Commenting on the poll findings, Kovacevic says that attitudes in Serbia have changed over the course of the migrant crisis.
“At the beginning most people’s reaction to the refugees was positive because it was assumed that they would eventually move on,” says Kovacevic.
“Most [Serbians] now say that they don’t want the refugees here permanently — they don’t want a refugee camp on their doorstep, or refugees as their neighbors — and yet there is still sympathy for their plight.”
There have been relatively few confrontations between local populations and refugees — with some apparent exceptions in places like Sid and Kanjiza, although these have not been sufficiently investigated.
Apart from the public perception that the refugees were merely in transit through Serbia, the absence of inflammatory rhetoric from officials and political figures appears to have helped in maintaining goodwill.
“I think overall Serbia has handled the situation well. People were donating humanitarian aid throughout the crisis, especially when refugees were sleeping in Belgrade’s public parks,” says Kovacevic.
Kovacevic feels that, while Serbia’s treatment of migrants has not been without a blemish, the response to the humanitarian aspect of the crisis has been mostly positive. More problematic is the treatment of those refugees who decide to stay in the country, usually due to a lack of other options.
“The main problem is that Serbia has not done nearly enough to expedite the processing of asylum requests, and officials even ignore the country’s own immigration laws.
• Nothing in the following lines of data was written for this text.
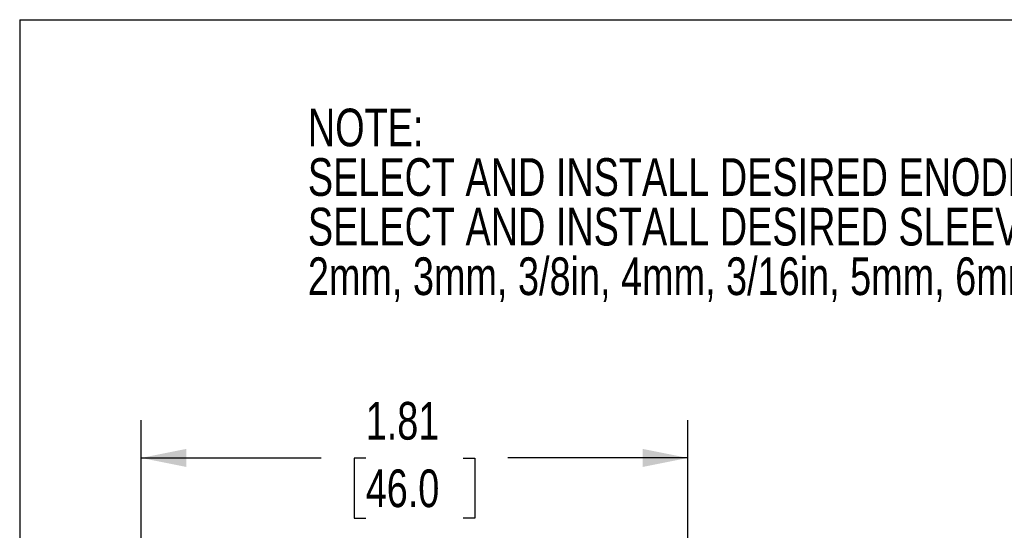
# Model space of a CAD drawing. Header units: inches. Extents: x 0 to 11, y 0 to 8.5.
# Tile 17 of 23: x 0 to 3.3, y 6.8 to 8.5. Entities that reach past the tile are written whole.
import ezdxf

# ---------------------------------------------------------------- set-up
doc = ezdxf.new("R2010")
doc.units = ezdxf.units.IN
doc.header["$MEASUREMENT"] = 0
doc.linetypes.add('CENTERX2', pattern=[0.8, 0.5, -0.1, 0.1, -0.1])
doc.layers.add('DIMENSIONS', color=140, linetype='Continuous', lineweight=25)
doc.layers.add('TEXT', color=140, linetype='Continuous', lineweight=25)
doc.styles.add('SLDTEXTSTYLE0', font='TXT', dxfattribs={"width": 0.75})
doc.dimstyles.new('SLDDIMSTYLE1', dxfattribs={"dimtxt": 0.125, "dimasz": 0.15, "dimexe": 0, "dimexo": 0.0625, "dimgap": 0.03125, "dimtad": 0, "dimtih": 1, "dimtoh": 1, "dimrnd": 1e-09, "dimzin": 12, "dimdsep": 46, "dimtxsty": 'SLDTEXTSTYLE0', "dimsah": 1, "dimcen": 0.09, "dimadec": 0, "dimazin": 3, "dimtfac": 1, "dimtofl": 0, "dimtmove": 0, "dimatfit": 3, "dimfxl": 0, "dimfrac": 2, "dimtolj": 1, "dimtzin": 12, "dimarcsym": 0})

# ---------------------------------------------------------------- blocks, each defined once
blk = doc.blocks.new('SW_NOTE_0_2')
at = {"layer": 'TEXT', "color": 0, "linetype": 'CENTERX2', "lineweight": 18, "char_height": 0.125, "attachment_point": 1, "style": 'SLDTEXTSTYLE0'}
for s, insert in [('NOTE:', (0, 0.1611)), ('SELECT AND INSTALL DESIRED ENODER BASE', (0, -0.0032)), ('SELECT AND INSTALL DESIRED SLEEVE BORE INSERT', (0, -0.1676)), ('2mm, 3mm, 3/8in, 4mm, 3/16in, 5mm, 6mm, 1/4in, 8mm', (0, -0.332))]:
    blk.add_mtext(s, dxfattribs=dict(at, insert=insert))
blk = doc.blocks.new('_D_4')
at = {"layer": 'DIMENSIONS'}
for p, q in [((0.4028, 5.9071), (0.4028, 7.1723)), ((2.2148, 5.9071), (2.2148, 7.1723)), ((0.4028, 7.0473), (0.9994, 7.0473)), ((1.1471, 7.0464), (1.109, 7.0464)), ((1.109, 7.0464), (1.109, 6.8479)), ((1.4704, 7.0464), (1.5085, 7.0464)), ((1.5085, 7.0464), (1.5085, 6.8479)), ((2.2148, 7.0473), (1.6181, 7.0473)), ((1.109, 6.8479), (1.1471, 6.8479)), ((1.5085, 6.8479), (1.4704, 6.8479))]:
    blk.add_line(p, q, dxfattribs=at)
for points in [[(0.4028, 7.0473), (0.5528, 7.0173), (0.5528, 7.0773)], [(2.2148, 7.0473), (2.0648, 7.0773), (2.0648, 7.0173)]]:
    blk.add_solid(points, dxfattribs=at)
at = {"layer": 'DIMENSIONS', "char_height": 0.125, "attachment_point": 1, "style": 'SLDTEXTSTYLE0'}
for s, insert in [('1.81', (1.1471, 7.2329)), ('46.0', (1.1471, 7.0091))]:
    blk.add_mtext(s, dxfattribs=dict(at, insert=insert))

msp = doc.modelspace()

# ---------------------------------------------------------------- linework, layer by layer
at = {"color": 7, "linetype": 'Continuous'}
for q in [(0.0001, 0.0001), (11.0001, 8.5001)]:
    msp.add_line((0.0001, 8.5001), q, dxfattribs=at)

# ---------------------------------------------------------------- block references
at = {"layer": 'TEXT', "linetype": 'CENTERX2', "lineweight": 18}
msp.add_blockref('SW_NOTE_0_2', (0.9554, 8.0442), dxfattribs=at)

# ---------------------------------------------------------------- dimensions: what is measured, and where the dimension line sits
at = {"layer": 'DIMENSIONS'}
dim = msp.add_linear_dim(base=(2.2148, 7.0473), p1=(0.4028, 5.8571), p2=(2.2148, 5.8571), dimstyle='SLDDIMSTYLE1', dxfattribs=at)
dim.commit()
dim.dimension.update_dxf_attribs({"geometry": '_D_4', "text_midpoint": (1.3088, 7.0473), "dimtype": 160})

doc.saveas('drawing.dxf')

The result is that those who wish to remain in Serbia are denied that right even when they fulfil all the legal requirements. In many cases they are told that they should apply for asylum in another country.”
Darker Side To Story
Moreover, in July last year, Serbia deployed mixed police-military patrols to keep people out and expel those who enter the country, in contravention of international laws. That is the darker side of the story, according to Kovacevic.
While the humanitarian response during the initial phase of the refugee crisis — when it was a question of providing shelter and food — was handled well (“No one died,” says Kovacevic, “and there were no epidemics”), other aspects of the official response were more troubling for Kovacevic and his colleagues at the BCHR:
“The state (not only Serbia, but also Bulgaria and Macedonia) invested great effort into simply ensuring that people were moved from one border to the next, passing the buck to others as quickly as possible. Nothing was done to address asylum policy and processing, which is the key to the resolution of this crisis,” he says.
“It should not have been expected that all those millions fleeing conflicts in the Middle East would make it to Western Europe. It is not enough to hold up our hands and say that richer countries should absorb the influx when the number of refugees is over 60 million,” Kovacevic adds.
“Every country is duty-bound to accept its share of people and allow at least some of them to settle there. Serbia could have done so much more over the past few years had it simply adhered to the laws applying the safe third country concept. Everything was done to send the people away as quickly as possible, rather than to integrate them.”
According to Kovacevic, the Gallup poll findings reveal more than the attitude of the Serbian public.
“If the message [of the poll findings] is, ‘We sympathize with the refugees but we don’t want them to stay here long,’ I think that also describes the actual — albeit unofficial — policy of the Serbian government.”
Vucic’s photo-op with Little Picasso Farhad Nouri — and the publicity surrounding his case — would thus serve as an exception to the rule.
For while his case shows that there is no shortage of sympathy for the plight of refugees, many of whom will never reach the promised land of the West, it also shows that no matter his fate, there is little willingness among officials in general to enable migrants to settle in Serbia.